To recover the 'stereo' audio signals, a synchronous detector extracts the L-R audio from the phase modulated quadrature portion of the signal created in stage 2. The L+R audio can be extracted from either the AM (stage 1) or the PM (stage 2) modulation component. From there, the audio can be readily de-multiplexed (de-muxed) back to 'stereo', a.k.a. Left and Right channels.

== Known problems ==

C-QUAM is not perfect, however, in large part because pre-AMAX it exhibited platform motion, with the audio "center" rocking back and forth as if changing the balance knob. This effect is potentially bothersome, especially in a moving vehicle where the received signal changes rapidly, and occupants (particularly the driver) would be more prone to its effects (this was an effect that happened primarily with skywave signals. Groundwave or local coverage usually did not suffer from this issue). This has been alleviated in subsequent revisions. Also, since some stereo information is contained in the sidebands, adjacent channel interference can cause problems. Finally, when only part of a sideband is attenuated (as often happens to skywave signals reflecting off the ionosphere), an effect known as selective fading, very unpleasant effects result; hence, the C-QUAM system is not often if ever used for shortwave broadcasting, nor by stations which receive a great deal of skywave interference.

== User base ==
Nowadays, this standard faces fierce competition with some other stereophonic standards on AM.

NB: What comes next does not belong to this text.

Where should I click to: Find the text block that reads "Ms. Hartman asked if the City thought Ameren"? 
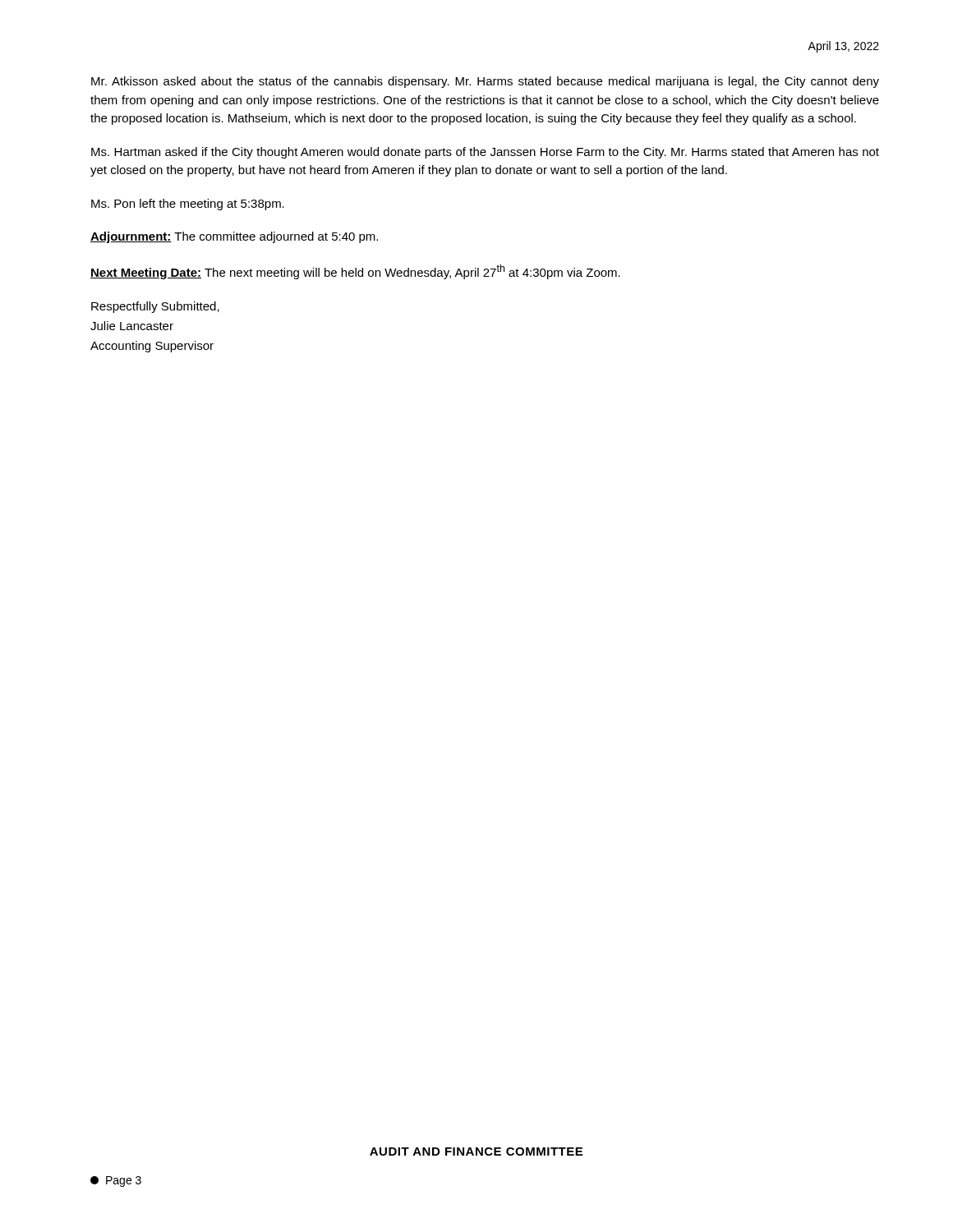pyautogui.click(x=485, y=160)

As of March 2014, there are still a number of AM radio stations in North America broadcasting in C-QUAM stereo. Among those stations are WXYG/540: Sauk Rapids, MN; CFCB/570: Corner Brook, NL; CFCO/630: Chatham, Ontario (covering SW Ontario, Eastern Michigan and Northern Ohio); WNMB/900: North Myrtle Beach, South Carolina; WBLQ/1230: Westerly, Rhode Island; WIRY/1340: Plattsburgh, New York; WAXB/850: Ridgefield, Connecticut and WYLD-AM/940: New Orleans, Louisiana. In addition to FCC-Licensed C-QUAM AM broadcast stations, low-powered (<100 mW) Part 15 C-QUAM stereo transmitters are available for sale for use in the United States. In Rome, Italy, there is Broadcastitalia on 1485 kHz.

Also see:
- AM Stereo radio stations in the United States
- AM Stereo radio stations worldwide

== Competition from IBOC Hybrid Digital Systems ==

While C-QUAM is an accepted international standard for AM Radio broadcasting, it is incompatible with the IBOC (In-band on-channel) "HD" (Hybrid Digital) radio system, so a broadcaster must choose what system they will use. The IBOC system allows transmission of an audio frequency range extending to approximately 15 kHz, 2-ch Stereo on the AM band, but with significant digital artifact and aliasing due to substantial codec inadequacy.

In addition, C-QUAM patents have expired. iBiquity still controls IBOC intellectual property through patents, through licensing fees for both the use of the technology, and any modifications to be made, even if the broadcaster in question has purchased the equipment outright and made costly modifications to their transmitter plant in order to implement it.

Very few AM radio stations that broadcast with IBOC HD Radio during the day switch to C-QUAM AM Stereo during nighttime operation to reduce sideband digital (hash) interference and to provide long-range stereo reception. A number of HD radio tuners have the limited ability to decode C-Quam stereo transmissions, (typically with lower bandwidth), and as a result, reduced audio quality than what could be expected from a specifically designed AMAX/C-QUAM only tuner. C-QUAM AM Stereo transmissions have the same range as AM Monural transmission, a key benefit.

Whereas many stations in the late 2000s changed from C-QUAM to HD Radio, in the 2010s the trend reversed with many HD Radio stations shutting off their digital equipment. However, few of these stations returned to C-QUAM broadcasts.